# Toilet training advice needed



## ilovedogs (Sep 22, 2014)

I am still struggling with my 4 month old puppy regarding toilet training. He is very good now when he is taken outside regularly, but I wondered when I might expect him to be able to last during the night. He also tends to wee when he gets excited. We ignore him when we come into the house or downstairs in the morning to try to calm him but this doesn't always work.
Any advice would be appreciated.


----------



## Lexi&Beemer (May 5, 2013)

I was neurotic about it so I would have their crates near me and I'd wake as soon as they moved around.
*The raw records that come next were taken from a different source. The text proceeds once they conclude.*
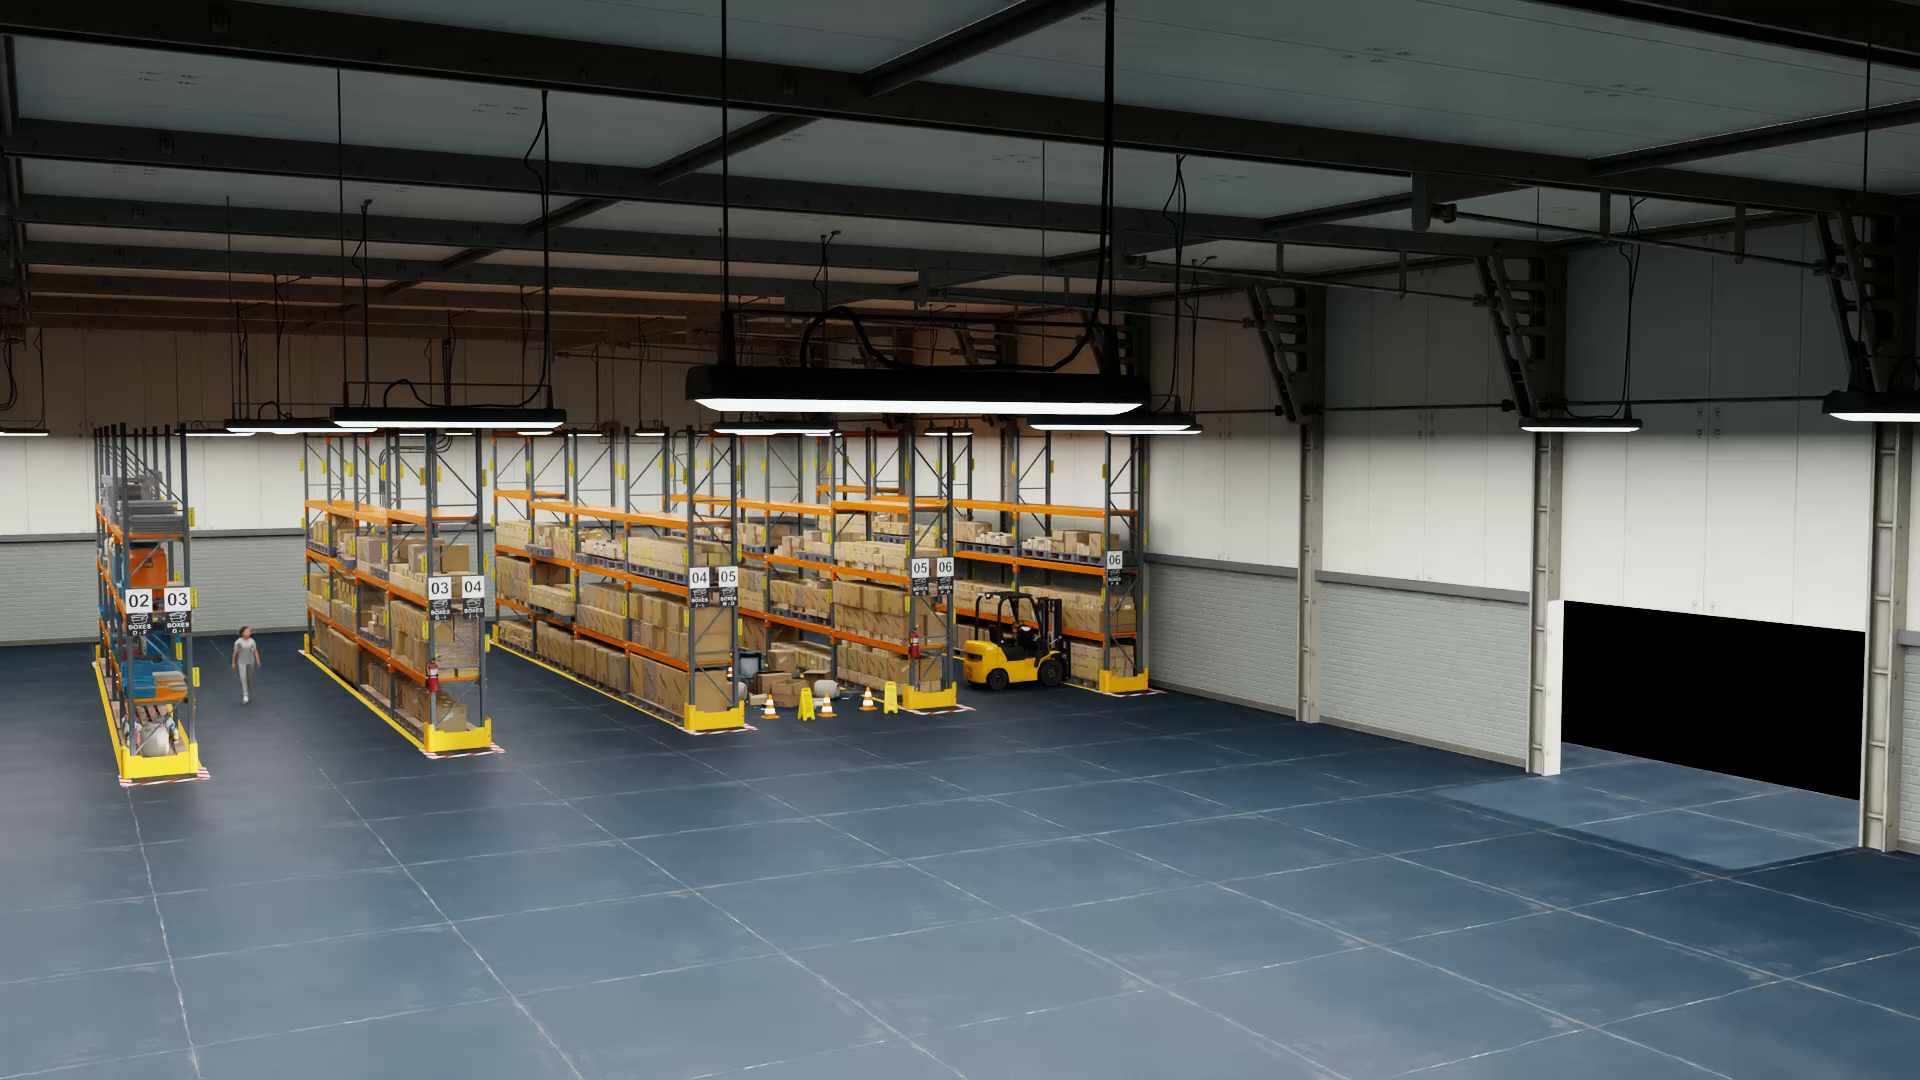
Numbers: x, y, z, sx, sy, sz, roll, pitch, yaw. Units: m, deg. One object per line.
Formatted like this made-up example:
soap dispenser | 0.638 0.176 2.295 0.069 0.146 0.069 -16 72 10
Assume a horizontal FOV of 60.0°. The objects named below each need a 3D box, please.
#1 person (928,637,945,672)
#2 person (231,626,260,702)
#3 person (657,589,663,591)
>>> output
person | -0.562 2.522 40.063 0.523 1.446 0.710 -2 4 -29
person | -15.606 2.687 36.332 0.543 1.601 1.044 -3 4 -37
person | -9.219 1.709 51.748 0.595 1.754 0.927 3 5 41
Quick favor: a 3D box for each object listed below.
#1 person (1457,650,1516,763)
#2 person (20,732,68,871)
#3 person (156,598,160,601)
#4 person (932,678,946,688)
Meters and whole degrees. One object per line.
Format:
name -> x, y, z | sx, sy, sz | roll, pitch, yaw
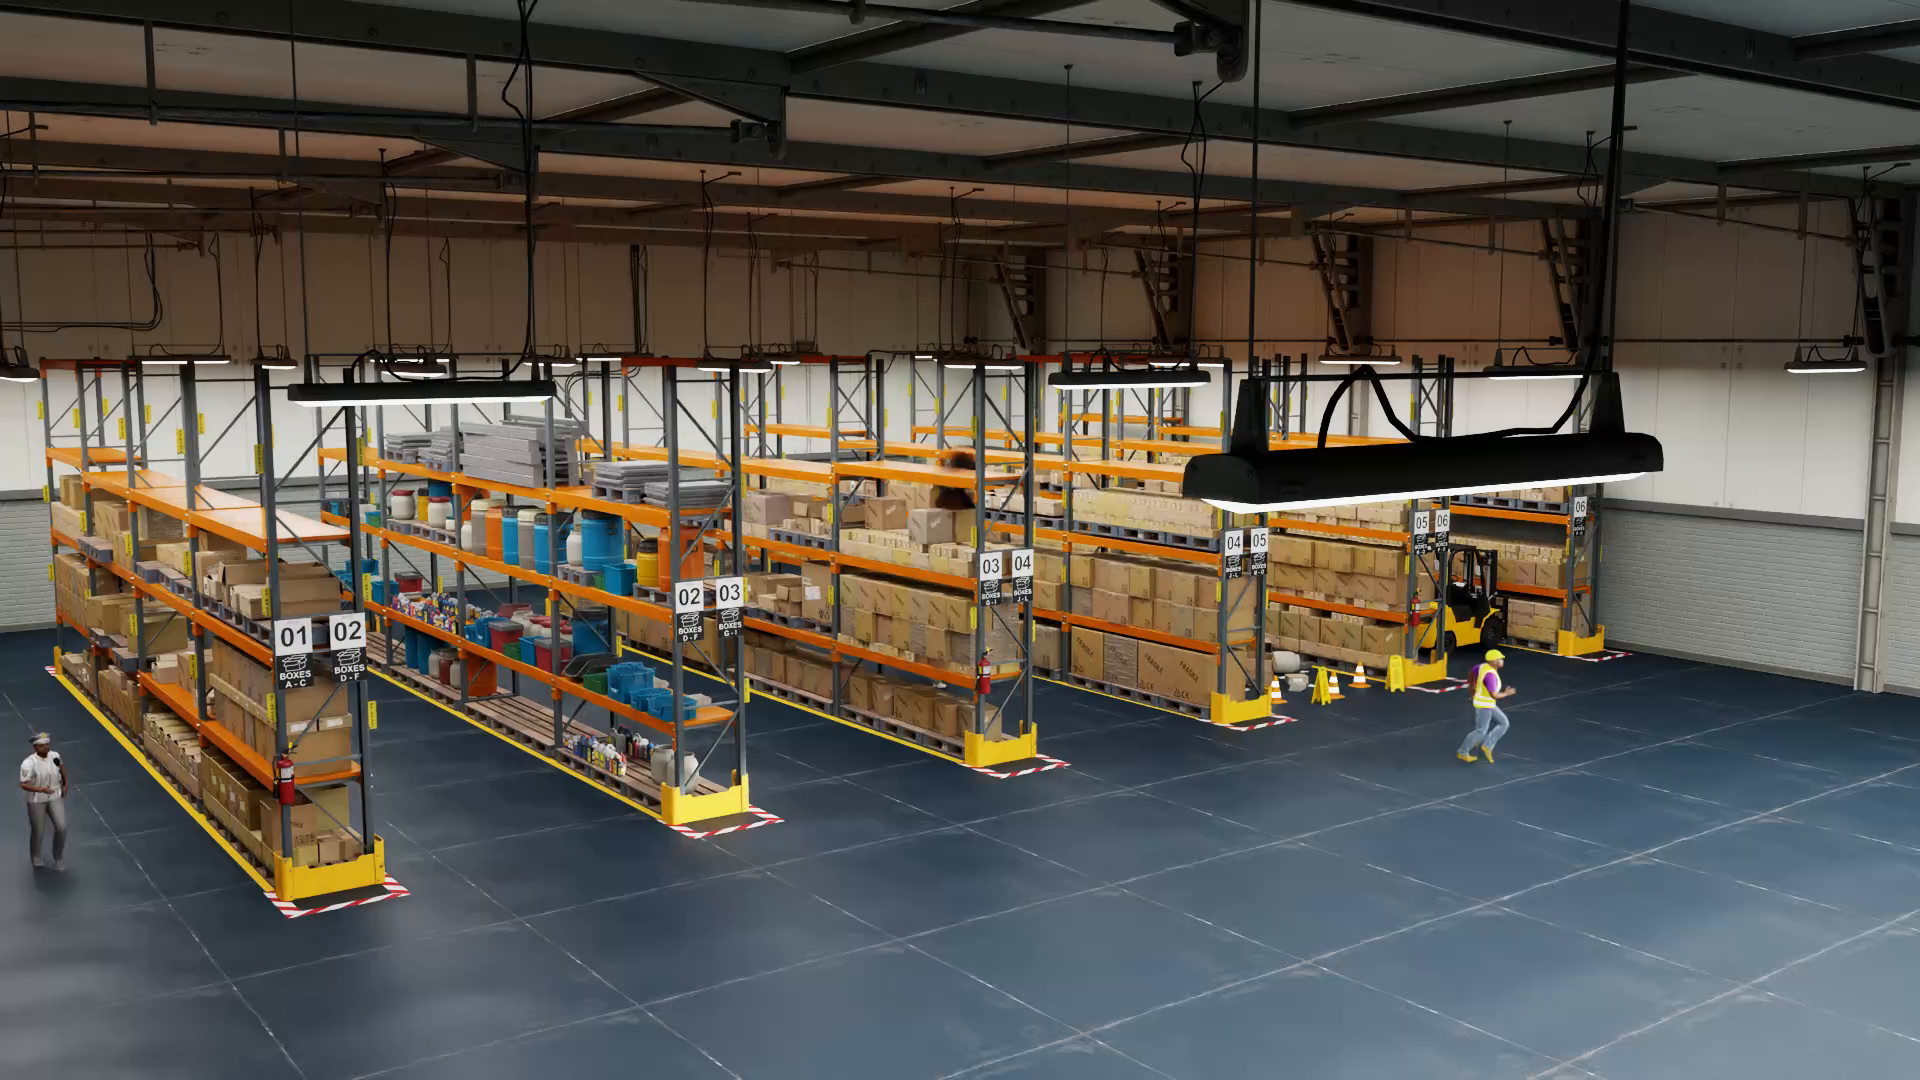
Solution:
person -> 7.856, 2.483, 24.799 | 0.797, 1.738, 0.734 | 2, 7, 14
person -> -10.892, 3.137, 19.845 | 0.717, 1.748, 0.590 | 6, 9, 40
person -> -15.865, 1.488, 33.328 | 0.908, 1.739, 0.700 | 0, 7, 1
person -> -0.367, 1.886, 30.321 | 0.577, 1.622, 0.560 | 6, 9, 41
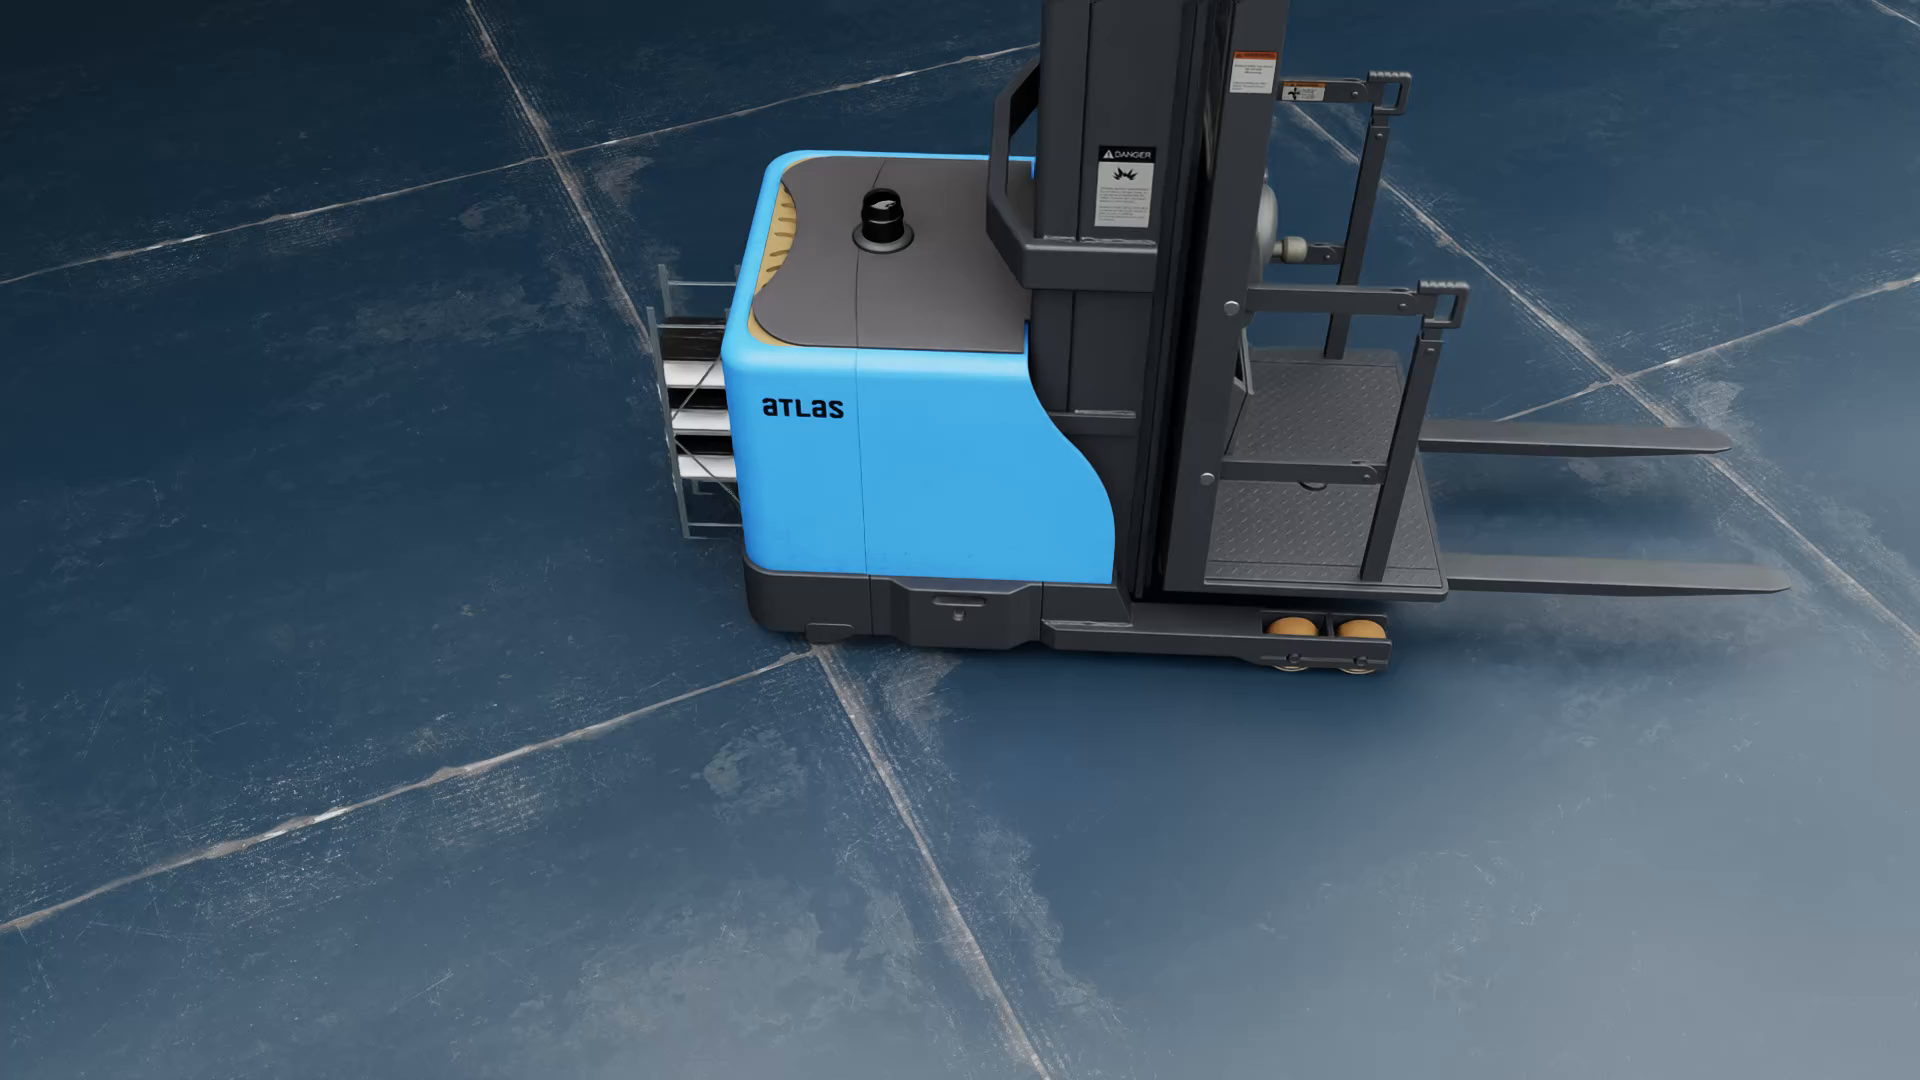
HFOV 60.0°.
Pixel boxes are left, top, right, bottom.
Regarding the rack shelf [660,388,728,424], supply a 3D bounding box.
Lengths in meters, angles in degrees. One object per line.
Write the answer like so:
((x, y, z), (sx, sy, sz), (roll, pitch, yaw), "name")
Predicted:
((-0.749, -0.436, 4.970), (0.258, 0.077, 0.200), (1, 45, 1), "rack shelf")

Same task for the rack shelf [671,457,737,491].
((-0.749, -0.243, 5.160), (0.258, 0.077, 0.200), (1, 45, 1), "rack shelf")

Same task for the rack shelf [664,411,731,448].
((-0.749, -0.372, 5.033), (0.258, 0.077, 0.200), (1, 45, 1), "rack shelf")

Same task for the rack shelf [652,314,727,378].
((-0.749, -0.564, 4.844), (0.258, 0.077, 0.200), (1, 45, 1), "rack shelf")

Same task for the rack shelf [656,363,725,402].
((-0.749, -0.500, 4.907), (0.258, 0.077, 0.200), (1, 45, 1), "rack shelf")

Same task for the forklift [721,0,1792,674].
((0.906, -1.039, 4.216), (3.031, 2.935, 1.130), (2, 45, 2), "forklift")

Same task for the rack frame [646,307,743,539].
((-0.752, -0.324, 4.938), (0.240, 0.900, 0.006), (1, 45, 1), "rack frame")

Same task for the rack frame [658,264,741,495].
((-0.746, -0.467, 5.082), (0.240, 0.900, 0.006), (1, 45, 1), "rack frame")

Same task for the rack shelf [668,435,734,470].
((-0.749, -0.307, 5.097), (0.258, 0.077, 0.200), (1, 45, 1), "rack shelf")

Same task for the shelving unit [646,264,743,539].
((-0.749, -0.395, 5.010), (0.258, 0.900, 0.210), (1, 45, 1), "shelving unit")
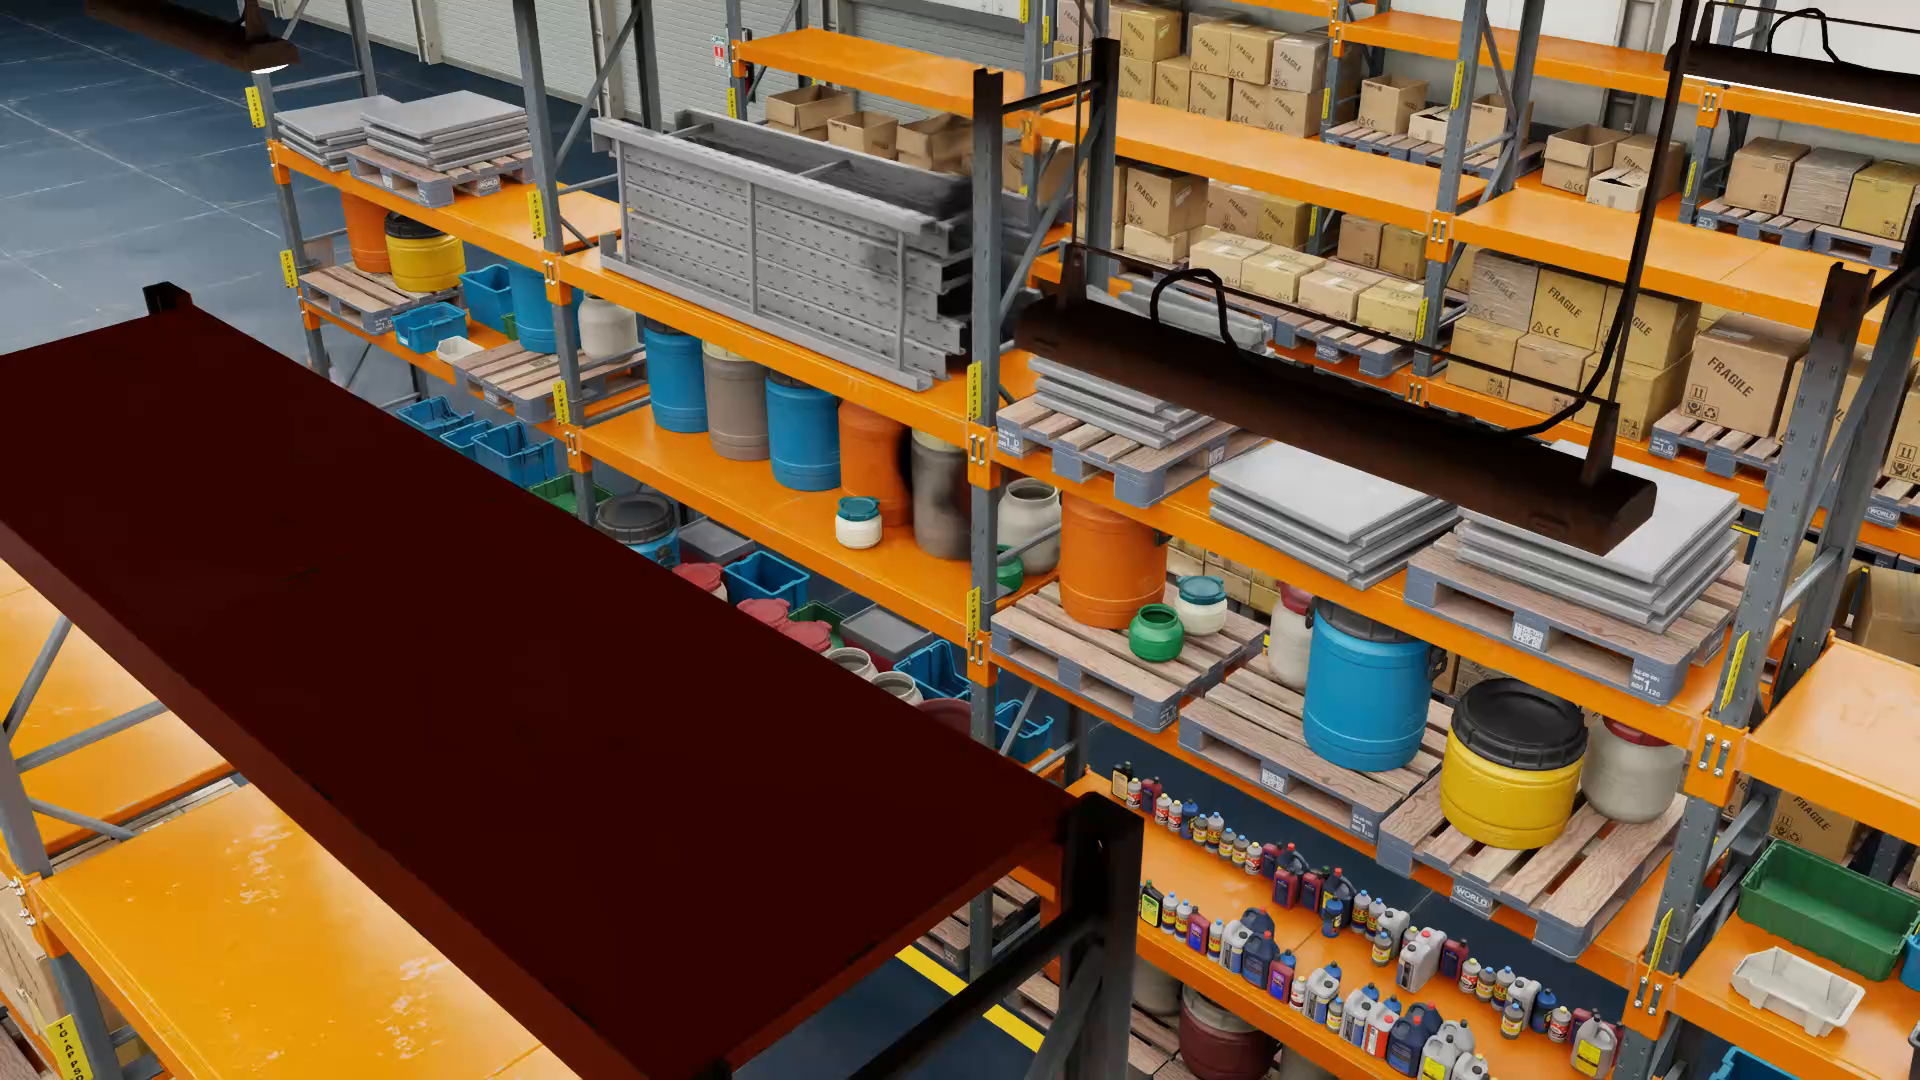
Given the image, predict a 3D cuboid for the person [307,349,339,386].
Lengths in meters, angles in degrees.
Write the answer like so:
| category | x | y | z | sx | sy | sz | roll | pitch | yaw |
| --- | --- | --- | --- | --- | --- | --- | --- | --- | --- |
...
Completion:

Later they would learn to whine to make sure I woke up. But I would take them for a last pee around midnight. And be up around 4. My two seemed to only have a 4 hour bladder at night until I brought them into bed with me. Once I did that just after 4 months, we would sleep until 6. Hallelujah! 

Keep in mind 4 months is still young. 


Sent from my iPhone using Tapatalk


----------



## fabular (Oct 3, 2014)

Are you reducing your puppy's water intake? My puppy usually does not get any water after 8pm. He gets to empty his bladder about 10.30pm one last time and can hold it until the next morning 7-7.30am.


----------



## Miss Lilly (Sep 12, 2014)

Hi

Your pup is still very young and his bladder still small.

The 'happy wee' is also due to your pup's bladder still being immature. With time he should grow out of this - although some never do entirely. You are right to remain calm rather than excite him further and this should help.

As an aside and depending on what you are feeding your pup, limiting his water intake can be very stressful for him. Dry food (Kibble) expands in his stomach and pulls water from your pups system and will leave him very dehydrated if he does not have access to drinking water.


----------